Wanita di Pemalang Ditemukan Tewas Terikat dalam Kamar Mandi, Polisi Buru Terduga Pelaku

Pemalang Seorang wanita berinisial Kusmawati (38), warga Desa Lawangrejo, Kecamatan Pemalang, ditemukan tewas dalam kondisi mengenaskan di sebuah rumah subsidi di Desa Saradan, Kecamatan Pemalang, Jawa Tengah, Minggu (24/11/2025) malam. Korban ditemukan di kamar mandi rumah berukuran 6 x 12 meter.

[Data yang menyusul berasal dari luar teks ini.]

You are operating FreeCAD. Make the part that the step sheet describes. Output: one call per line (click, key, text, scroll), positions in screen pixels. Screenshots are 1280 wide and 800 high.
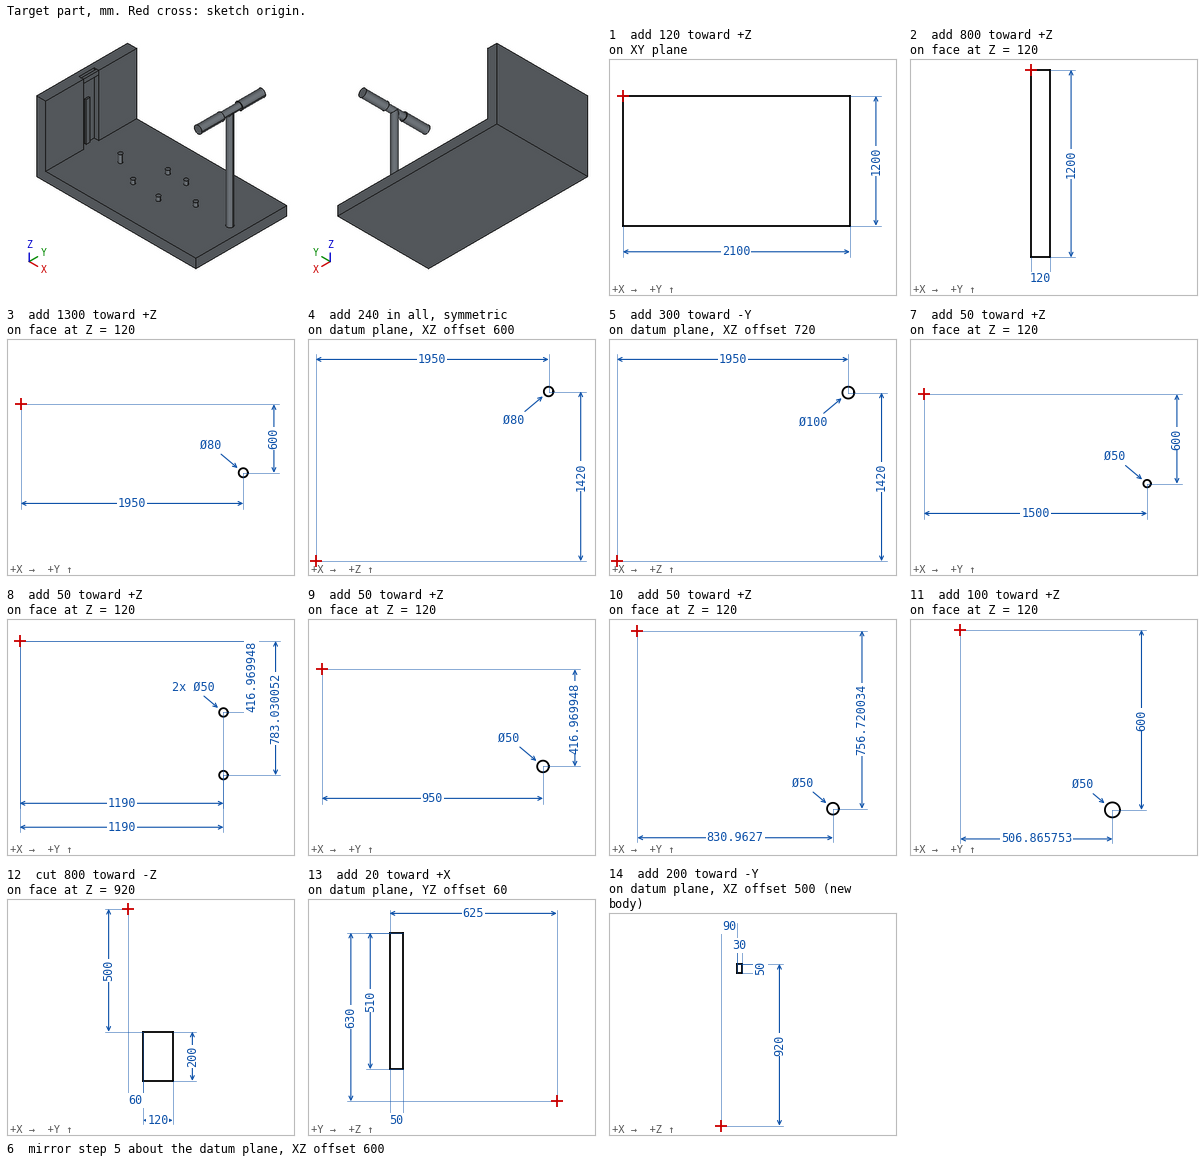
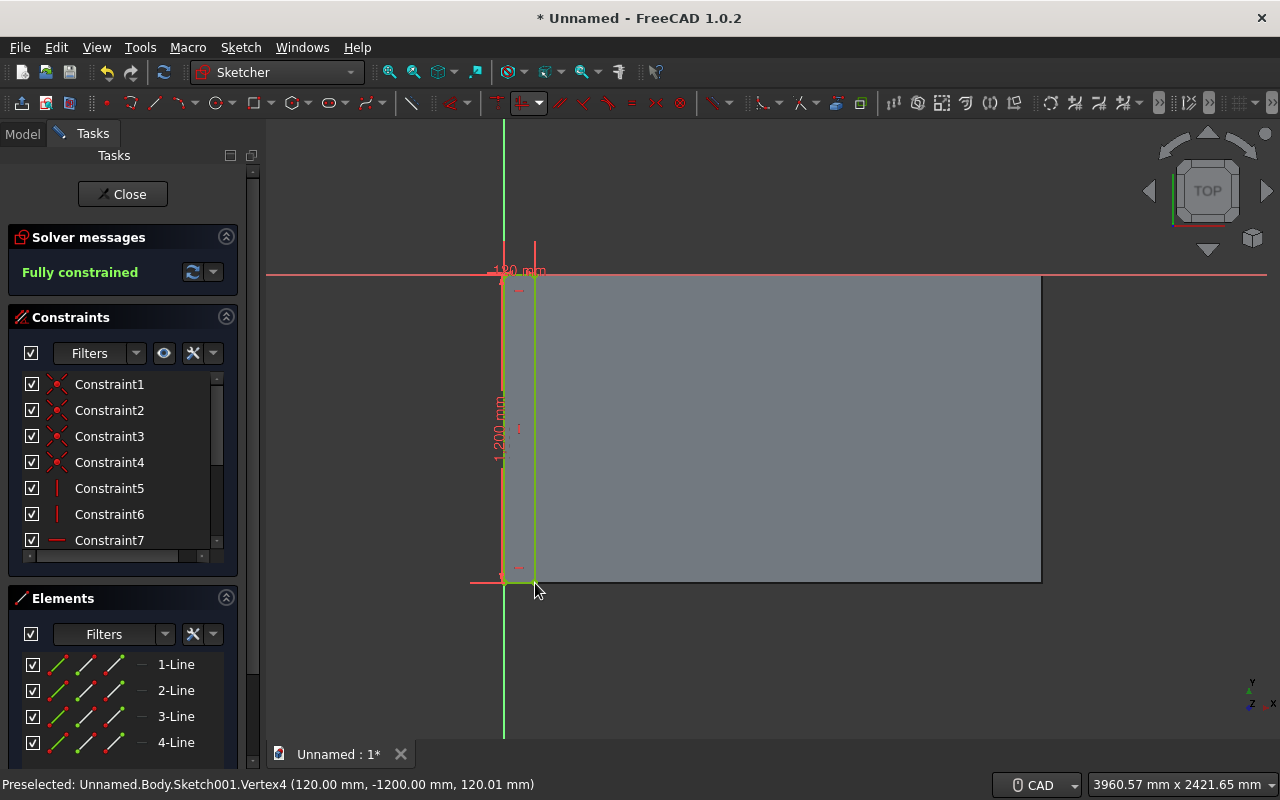
click(123, 194)

Saat ditemukan, jasad Kusmawati berada dalam posisi meringkuk, masih mengenakan celana jeans dan jaket. Bagian tangan dan kaki korban dalam kondisi terikat menggunakan tali tambang plastik, sementara kepala tertutup plastik rapat. Temuan tersebut memperkuat dugaan bahwa korban mengalami kekerasan sebelum kehilangan nyawa.

Kasat Reskrim Polres Pemalang, AKP Johan Widodo, membenarkan adanya dugaan kuat bahwa korban merupakan korban pembunuhan.

Menurut Johan, pihaknya telah mengantongi identitas terduga pelaku dan saat ini tengah melakukan pengejaran. Untuk kepentingan penyelidikan, polisi telah memeriksa sejumlah saksi dan melakukan proses otopsi di RSUD M. Ashari Pemalang oleh tim Inafis Polda Jawa Tengah.

“Motifnya sedang kami dalami, tim sedang melakukan upaya penangkapan pelaku,” ujarnya.

Korban Terakhir Terlihat pada Sabtu Siang

Di sisi lain, keluarga korban masih terpukul atas kejadian ini. Adik korban, Ipank (27), menjelaskan bahwa pada Sabtu (22/11/2025) pagi, kakaknya masih beraktivitas seperti biasa, termasuk mengantar dan menjemput anaknya yang masih duduk di bangku sekolah. Namun sekitar pukul 13.00 WIB, korban terlihat tergesa-gesa meninggalkan rumah dengan alasan hendak bertemu seorang teman. Sejak saat itu, korban tidak pernah kembali.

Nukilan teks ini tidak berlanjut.